__Data supplied__
□ □ □ □ □ □ □

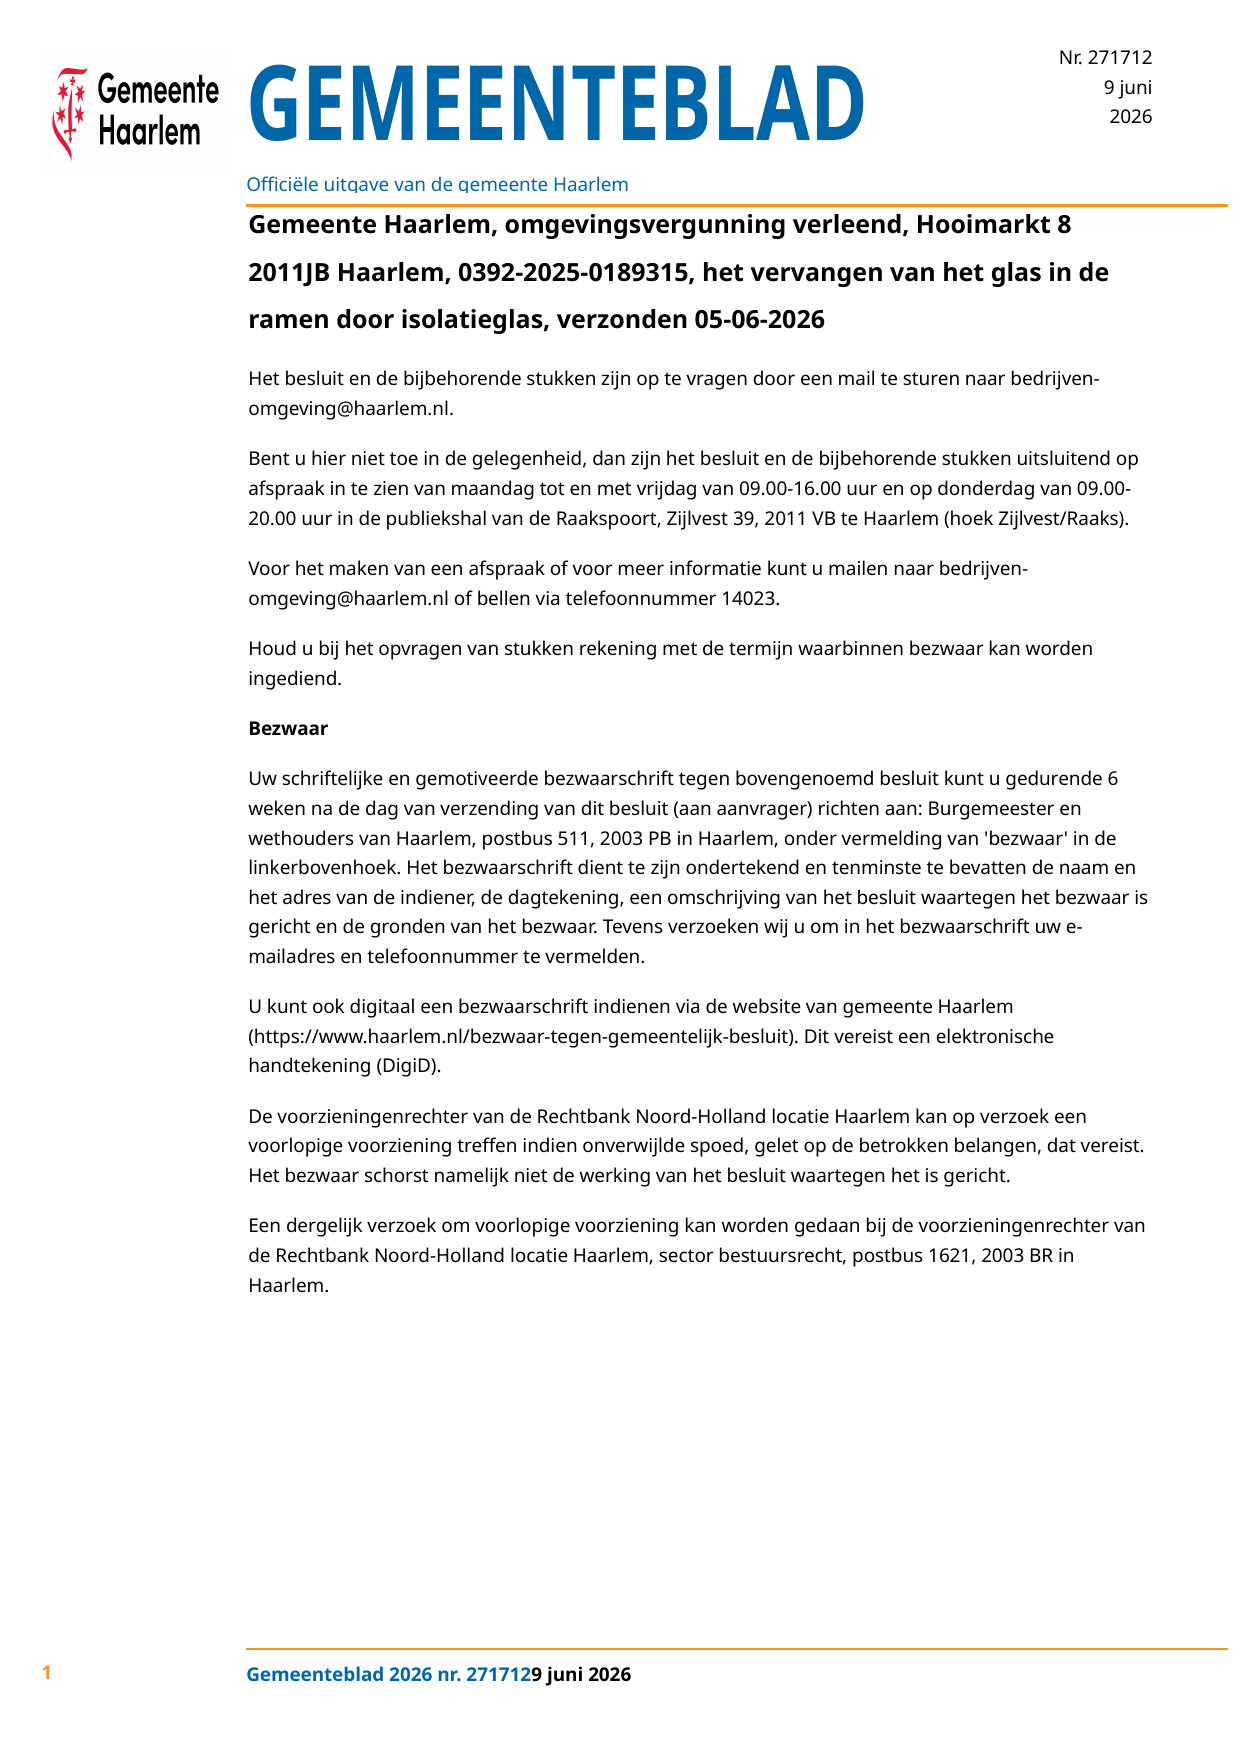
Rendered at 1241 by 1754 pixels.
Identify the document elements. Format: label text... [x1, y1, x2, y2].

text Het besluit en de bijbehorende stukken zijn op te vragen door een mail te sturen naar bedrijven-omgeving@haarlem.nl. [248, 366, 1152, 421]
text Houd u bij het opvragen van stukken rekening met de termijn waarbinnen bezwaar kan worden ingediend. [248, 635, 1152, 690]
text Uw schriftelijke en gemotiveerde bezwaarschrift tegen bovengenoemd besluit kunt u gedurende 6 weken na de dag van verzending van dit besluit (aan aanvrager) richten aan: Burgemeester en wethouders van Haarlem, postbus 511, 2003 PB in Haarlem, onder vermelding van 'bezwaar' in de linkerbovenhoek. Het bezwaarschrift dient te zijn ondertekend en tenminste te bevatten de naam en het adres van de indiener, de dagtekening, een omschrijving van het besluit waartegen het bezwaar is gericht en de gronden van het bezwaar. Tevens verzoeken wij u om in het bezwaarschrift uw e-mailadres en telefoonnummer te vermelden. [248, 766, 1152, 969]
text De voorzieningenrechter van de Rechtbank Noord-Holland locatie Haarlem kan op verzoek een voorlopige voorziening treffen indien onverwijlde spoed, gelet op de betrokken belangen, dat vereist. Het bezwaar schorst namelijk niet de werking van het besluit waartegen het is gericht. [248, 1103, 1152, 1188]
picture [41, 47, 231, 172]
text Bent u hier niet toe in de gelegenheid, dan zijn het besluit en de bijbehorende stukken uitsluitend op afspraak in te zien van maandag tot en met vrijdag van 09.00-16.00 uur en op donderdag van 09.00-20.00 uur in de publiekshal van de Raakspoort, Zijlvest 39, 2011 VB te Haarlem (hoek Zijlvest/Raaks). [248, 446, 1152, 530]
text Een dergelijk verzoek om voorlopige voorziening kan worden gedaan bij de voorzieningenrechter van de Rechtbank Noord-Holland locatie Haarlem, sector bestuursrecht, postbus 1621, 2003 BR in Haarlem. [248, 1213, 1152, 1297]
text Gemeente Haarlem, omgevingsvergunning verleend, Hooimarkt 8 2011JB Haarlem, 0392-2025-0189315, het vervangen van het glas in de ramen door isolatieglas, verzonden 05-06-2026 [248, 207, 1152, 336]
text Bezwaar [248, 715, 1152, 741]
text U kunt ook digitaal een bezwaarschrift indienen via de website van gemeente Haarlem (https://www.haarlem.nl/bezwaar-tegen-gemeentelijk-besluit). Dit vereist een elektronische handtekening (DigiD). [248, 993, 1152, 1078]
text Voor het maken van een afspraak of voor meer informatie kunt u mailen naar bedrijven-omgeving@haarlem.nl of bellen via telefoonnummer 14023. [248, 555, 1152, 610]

□ □ □ □ □ □ □

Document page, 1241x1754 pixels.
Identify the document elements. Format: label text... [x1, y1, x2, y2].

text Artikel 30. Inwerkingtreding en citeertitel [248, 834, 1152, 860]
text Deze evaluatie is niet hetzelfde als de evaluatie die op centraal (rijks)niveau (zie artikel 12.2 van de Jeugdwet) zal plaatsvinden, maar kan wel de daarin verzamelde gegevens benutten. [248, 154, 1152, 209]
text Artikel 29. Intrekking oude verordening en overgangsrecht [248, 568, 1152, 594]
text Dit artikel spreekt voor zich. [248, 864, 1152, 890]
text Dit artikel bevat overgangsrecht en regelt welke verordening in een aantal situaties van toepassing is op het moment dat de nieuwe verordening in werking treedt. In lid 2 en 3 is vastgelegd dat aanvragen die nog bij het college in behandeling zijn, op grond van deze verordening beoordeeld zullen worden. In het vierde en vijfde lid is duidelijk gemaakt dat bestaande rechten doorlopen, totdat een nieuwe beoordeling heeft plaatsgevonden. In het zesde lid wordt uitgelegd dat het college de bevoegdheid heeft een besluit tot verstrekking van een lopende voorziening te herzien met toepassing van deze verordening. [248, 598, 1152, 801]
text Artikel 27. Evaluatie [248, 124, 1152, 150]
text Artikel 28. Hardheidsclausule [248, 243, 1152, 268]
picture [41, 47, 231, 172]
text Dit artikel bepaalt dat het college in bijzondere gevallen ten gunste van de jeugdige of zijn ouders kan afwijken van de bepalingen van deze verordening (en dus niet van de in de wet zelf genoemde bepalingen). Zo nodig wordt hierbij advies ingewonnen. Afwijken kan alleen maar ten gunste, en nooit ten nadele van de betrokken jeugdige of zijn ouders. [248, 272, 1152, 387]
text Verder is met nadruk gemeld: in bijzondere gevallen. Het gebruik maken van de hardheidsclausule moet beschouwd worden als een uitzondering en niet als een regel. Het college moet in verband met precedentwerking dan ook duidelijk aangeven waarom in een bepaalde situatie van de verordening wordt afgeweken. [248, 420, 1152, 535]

□ □ □ □ □ □ □

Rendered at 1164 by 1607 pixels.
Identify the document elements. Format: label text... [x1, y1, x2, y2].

□ □ □ □ □ □ □

__Task description__
Report how many lines of the entries above contain "pixels", and give no other output.

__Task output__
3